- Sir Thomas Cleeve
- Born: 5 June 1844 Cleveland, Canada East, Province of Canada
- Died: 19 December 1908 (aged 64) Limerick, County Limerick, Ireland
- Occupation: Businessman

= Thomas Cleeve =

Canadian businessman (1844–1908)

Sir Thomas Henry Cleeve (5 June 1844 – 19 December 1908) was a Canadian-born businessman, domiciled in Ireland, who was elected High Sheriff of Limerick City on three occasions.

==Background==

Thomas Cleeve was born in Cleveland in Canada East, and was the eldest son of Edward Elmes Cleeve, an English immigrant, and Sophia Journeaux, whose family came from Ireland.

==Business career==

In 1860, Thomas Cleeve travelled to Ireland to stay with his mother's relatives who ran an agricultural machinery business in Limerick known as J.P. Evans & Company. Young Thomas decided to remain in Ireland and eventually assumed control of the business.

In 1883, Cleeve started a new enterprise, the Condensed Milk Company of Ireland, in conjunction with two local businessmen. The company manufactured dairy products, such as condensed milk, butter, cheese and confectionery. Its headquarters were located in Limerick city, on the northern bank of the River Shannon. The business expanded over the next 20 years to become the largest of its type in the United Kingdom.

Cleeve was also senior partner in the Cleeve Canning and Cold Storage Company based in British Columbia.

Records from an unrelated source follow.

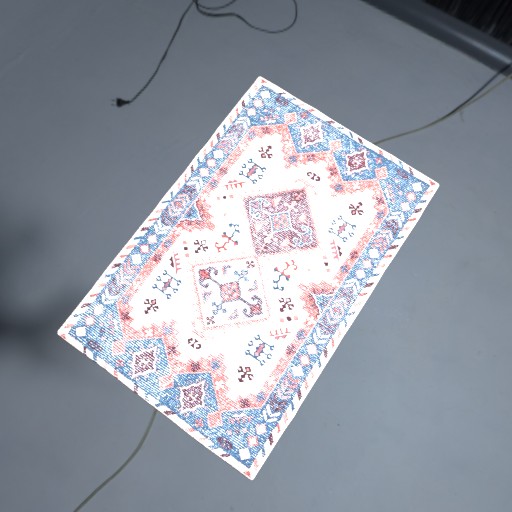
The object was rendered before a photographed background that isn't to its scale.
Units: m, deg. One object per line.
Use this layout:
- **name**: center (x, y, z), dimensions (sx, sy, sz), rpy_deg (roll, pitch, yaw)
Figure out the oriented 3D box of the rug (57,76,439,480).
- **rug**: center (0.000, 0.000, 2.365), dimensions (1.225, 0.015, 1.840), rpy_deg (34, 78, 8)
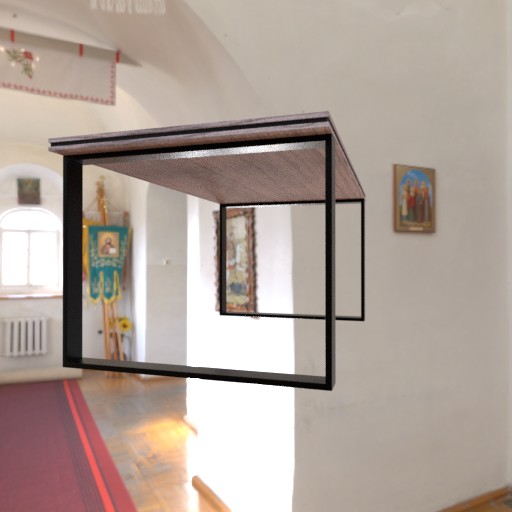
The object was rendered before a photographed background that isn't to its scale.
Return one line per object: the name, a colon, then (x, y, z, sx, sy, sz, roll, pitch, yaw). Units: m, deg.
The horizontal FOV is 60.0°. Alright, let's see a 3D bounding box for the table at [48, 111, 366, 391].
table: (0.000, 0.000, 2.019, 0.881, 0.736, 1.579, 0, 0, 17)
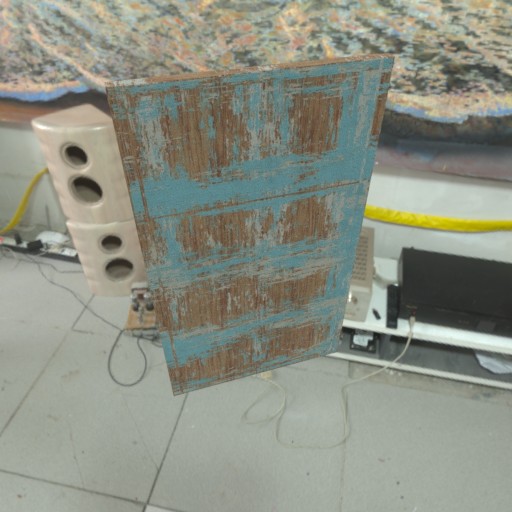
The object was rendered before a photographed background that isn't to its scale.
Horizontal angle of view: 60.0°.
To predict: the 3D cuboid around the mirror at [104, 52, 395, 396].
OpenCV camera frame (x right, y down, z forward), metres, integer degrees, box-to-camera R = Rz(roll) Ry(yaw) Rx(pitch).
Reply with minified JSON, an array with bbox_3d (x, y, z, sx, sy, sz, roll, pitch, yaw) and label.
[{"bbox_3d":[0.000,0.000,1.462,0.707,1.213,0.083,-12,42,-13],"label":"mirror"}]
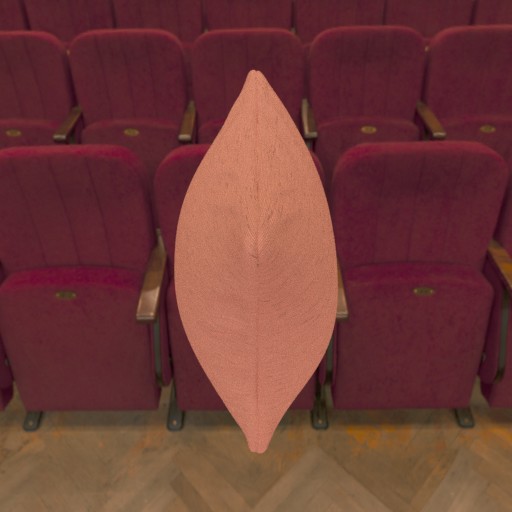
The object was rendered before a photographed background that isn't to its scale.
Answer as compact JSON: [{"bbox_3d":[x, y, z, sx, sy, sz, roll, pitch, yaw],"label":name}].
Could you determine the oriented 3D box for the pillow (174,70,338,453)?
[{"bbox_3d":[0.000,0.000,0.679,0.246,0.415,0.432,0,42,0],"label":"pillow"}]
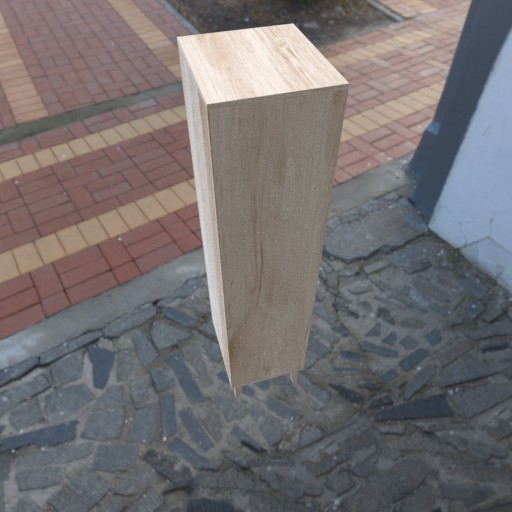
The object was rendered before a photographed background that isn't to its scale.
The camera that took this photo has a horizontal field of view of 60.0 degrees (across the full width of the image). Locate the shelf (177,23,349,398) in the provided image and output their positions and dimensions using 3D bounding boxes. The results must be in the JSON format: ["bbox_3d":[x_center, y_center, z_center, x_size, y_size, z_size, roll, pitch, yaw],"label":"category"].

He was the President of Limerick Chamber in 1908–09.

==Public office==

In 1899, Cleeve was voted on to Limerick City Council. That same year, his fellow councillors elected him as High Sheriff of Limerick City, the Queen's representative in the city. He held the position again in 1907 and 1908.

In 1900, following a visit to Ireland by Queen Victoria, Cleeve received a knighthood from the Lord Lieutenant of Ireland.

==Final illness==

In December 1908, Cleeve was taken ill at a public function. Despite undergoing surgery, he died of peritonitis a few days later at the age of 64. According to contemporary newspaper reports his funeral was one of the largest seen in Limerick city, with crowds lining the streets up to an hour before the cortège passed. He is buried in the churchyard of St. Mary's Cathedral in the city.

==Family==

Cleeve married Phoebe Agnes Dann in 1874 and they had five children. The author and broadcaster Brian Cleeve was a grand-nephew of Sir Thomas Cleeve.